What you are asked to do: Beneath this instruction is a listing; print exactly the lines in it starting at the line that contains "Meters and whole" and going through the line that contains "#36 wall cable [1087,0,1314,160]".

****

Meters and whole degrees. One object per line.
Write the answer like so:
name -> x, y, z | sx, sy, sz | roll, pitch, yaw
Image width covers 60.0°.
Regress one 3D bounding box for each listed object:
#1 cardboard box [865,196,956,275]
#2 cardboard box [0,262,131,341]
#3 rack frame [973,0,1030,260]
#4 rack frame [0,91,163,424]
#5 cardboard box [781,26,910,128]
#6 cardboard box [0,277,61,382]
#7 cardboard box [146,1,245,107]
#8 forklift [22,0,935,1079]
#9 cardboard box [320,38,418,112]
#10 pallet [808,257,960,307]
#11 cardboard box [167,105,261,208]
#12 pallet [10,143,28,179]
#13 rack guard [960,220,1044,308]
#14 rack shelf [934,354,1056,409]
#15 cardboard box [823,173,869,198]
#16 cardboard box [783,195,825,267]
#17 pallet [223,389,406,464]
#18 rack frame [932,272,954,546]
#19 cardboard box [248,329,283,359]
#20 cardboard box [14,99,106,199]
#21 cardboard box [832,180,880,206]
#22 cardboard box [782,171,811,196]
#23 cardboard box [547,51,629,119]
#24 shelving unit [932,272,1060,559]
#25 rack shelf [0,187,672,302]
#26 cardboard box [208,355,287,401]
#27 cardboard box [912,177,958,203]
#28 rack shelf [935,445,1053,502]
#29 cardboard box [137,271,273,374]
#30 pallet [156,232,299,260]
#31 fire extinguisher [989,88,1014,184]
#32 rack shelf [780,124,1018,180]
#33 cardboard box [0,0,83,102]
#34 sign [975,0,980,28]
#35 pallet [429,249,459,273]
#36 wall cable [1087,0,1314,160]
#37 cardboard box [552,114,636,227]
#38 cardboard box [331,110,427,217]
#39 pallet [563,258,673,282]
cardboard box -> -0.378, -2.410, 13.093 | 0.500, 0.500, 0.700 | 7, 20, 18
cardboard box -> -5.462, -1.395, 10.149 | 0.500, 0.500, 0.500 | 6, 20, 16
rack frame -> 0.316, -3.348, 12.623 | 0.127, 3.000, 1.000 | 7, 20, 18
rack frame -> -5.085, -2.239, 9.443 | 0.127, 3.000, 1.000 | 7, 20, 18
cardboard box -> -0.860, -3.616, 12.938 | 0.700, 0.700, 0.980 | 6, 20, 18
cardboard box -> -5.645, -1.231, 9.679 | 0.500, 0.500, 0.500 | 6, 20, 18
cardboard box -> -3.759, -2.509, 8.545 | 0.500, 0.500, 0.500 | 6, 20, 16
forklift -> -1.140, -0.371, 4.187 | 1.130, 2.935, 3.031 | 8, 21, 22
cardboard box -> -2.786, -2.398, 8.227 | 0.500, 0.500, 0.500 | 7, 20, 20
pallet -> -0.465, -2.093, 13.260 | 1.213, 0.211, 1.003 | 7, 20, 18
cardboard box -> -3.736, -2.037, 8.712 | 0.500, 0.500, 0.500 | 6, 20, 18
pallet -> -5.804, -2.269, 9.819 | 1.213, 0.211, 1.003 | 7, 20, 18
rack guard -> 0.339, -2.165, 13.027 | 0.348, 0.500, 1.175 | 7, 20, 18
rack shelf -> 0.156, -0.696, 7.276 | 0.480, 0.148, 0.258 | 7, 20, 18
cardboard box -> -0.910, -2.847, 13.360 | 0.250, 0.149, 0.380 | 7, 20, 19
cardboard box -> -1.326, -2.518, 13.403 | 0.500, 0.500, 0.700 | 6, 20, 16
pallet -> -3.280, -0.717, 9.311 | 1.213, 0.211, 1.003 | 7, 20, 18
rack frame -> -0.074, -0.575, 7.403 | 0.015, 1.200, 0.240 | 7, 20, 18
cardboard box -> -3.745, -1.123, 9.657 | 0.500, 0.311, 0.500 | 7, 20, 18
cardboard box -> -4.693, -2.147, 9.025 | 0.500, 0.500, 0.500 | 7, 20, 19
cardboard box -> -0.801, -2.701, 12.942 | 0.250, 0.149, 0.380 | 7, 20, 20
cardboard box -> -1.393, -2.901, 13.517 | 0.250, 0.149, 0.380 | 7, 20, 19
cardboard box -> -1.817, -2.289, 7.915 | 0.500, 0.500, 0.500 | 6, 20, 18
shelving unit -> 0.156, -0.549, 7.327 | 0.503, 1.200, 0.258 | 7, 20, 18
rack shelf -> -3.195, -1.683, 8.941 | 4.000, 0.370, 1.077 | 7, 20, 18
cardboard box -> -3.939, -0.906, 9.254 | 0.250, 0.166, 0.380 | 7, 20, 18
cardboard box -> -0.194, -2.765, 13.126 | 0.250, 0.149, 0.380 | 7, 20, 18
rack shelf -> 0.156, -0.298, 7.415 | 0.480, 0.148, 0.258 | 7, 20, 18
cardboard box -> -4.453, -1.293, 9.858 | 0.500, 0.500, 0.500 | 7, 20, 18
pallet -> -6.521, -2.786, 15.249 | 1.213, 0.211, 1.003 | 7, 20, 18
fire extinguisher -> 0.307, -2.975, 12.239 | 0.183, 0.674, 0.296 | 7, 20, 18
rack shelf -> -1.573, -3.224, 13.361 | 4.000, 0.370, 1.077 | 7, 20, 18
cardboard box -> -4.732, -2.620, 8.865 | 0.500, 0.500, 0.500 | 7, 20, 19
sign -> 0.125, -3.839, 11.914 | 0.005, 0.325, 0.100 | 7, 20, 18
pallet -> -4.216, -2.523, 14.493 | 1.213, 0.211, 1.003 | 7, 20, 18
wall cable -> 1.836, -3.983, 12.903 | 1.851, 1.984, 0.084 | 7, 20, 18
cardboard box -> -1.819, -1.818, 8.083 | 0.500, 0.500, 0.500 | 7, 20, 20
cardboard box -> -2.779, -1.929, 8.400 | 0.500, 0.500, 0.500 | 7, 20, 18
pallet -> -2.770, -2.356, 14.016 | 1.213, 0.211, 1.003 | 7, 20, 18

****

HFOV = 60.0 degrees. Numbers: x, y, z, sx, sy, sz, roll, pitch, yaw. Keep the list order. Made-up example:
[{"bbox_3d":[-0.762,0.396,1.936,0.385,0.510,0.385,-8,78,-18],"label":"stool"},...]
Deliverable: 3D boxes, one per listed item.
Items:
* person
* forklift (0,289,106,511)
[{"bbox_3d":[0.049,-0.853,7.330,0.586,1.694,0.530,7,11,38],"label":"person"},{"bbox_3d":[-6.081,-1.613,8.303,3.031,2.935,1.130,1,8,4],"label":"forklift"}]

****

Answer to the problem:
Meters and whole degrees. One object per line.
Write the answer like so:
name -> x, y, z | sx, sy, sz | roll, pitch, yaw
Image width covers 60.0°.
Regress one 3D bounding box for each listed object:
#1 cardboard box [865,196,956,275]
#2 cardboard box [0,262,131,341]
#3 rack frame [973,0,1030,260]
#4 rack frame [0,91,163,424]
#5 cardboard box [781,26,910,128]
#6 cardboard box [0,277,61,382]
#7 cardboard box [146,1,245,107]
#8 forklift [22,0,935,1079]
#9 cardboard box [320,38,418,112]
#10 pallet [808,257,960,307]
#11 cardboard box [167,105,261,208]
#12 pallet [10,143,28,179]
#13 rack guard [960,220,1044,308]
#14 rack shelf [934,354,1056,409]
#15 cardboard box [823,173,869,198]
#16 cardboard box [783,195,825,267]
#17 pallet [223,389,406,464]
#18 rack frame [932,272,954,546]
#19 cardboard box [248,329,283,359]
#20 cardboard box [14,99,106,199]
#21 cardboard box [832,180,880,206]
#22 cardboard box [782,171,811,196]
#23 cardboard box [547,51,629,119]
#24 shelving unit [932,272,1060,559]
#25 rack shelf [0,187,672,302]
#26 cardboard box [208,355,287,401]
#27 cardboard box [912,177,958,203]
#28 rack shelf [935,445,1053,502]
#29 cardboard box [137,271,273,374]
#30 pallet [156,232,299,260]
#31 fire extinguisher [989,88,1014,184]
#32 rack shelf [780,124,1018,180]
#33 cardboard box [0,0,83,102]
#34 sign [975,0,980,28]
#35 pallet [429,249,459,273]
#36 wall cable [1087,0,1314,160]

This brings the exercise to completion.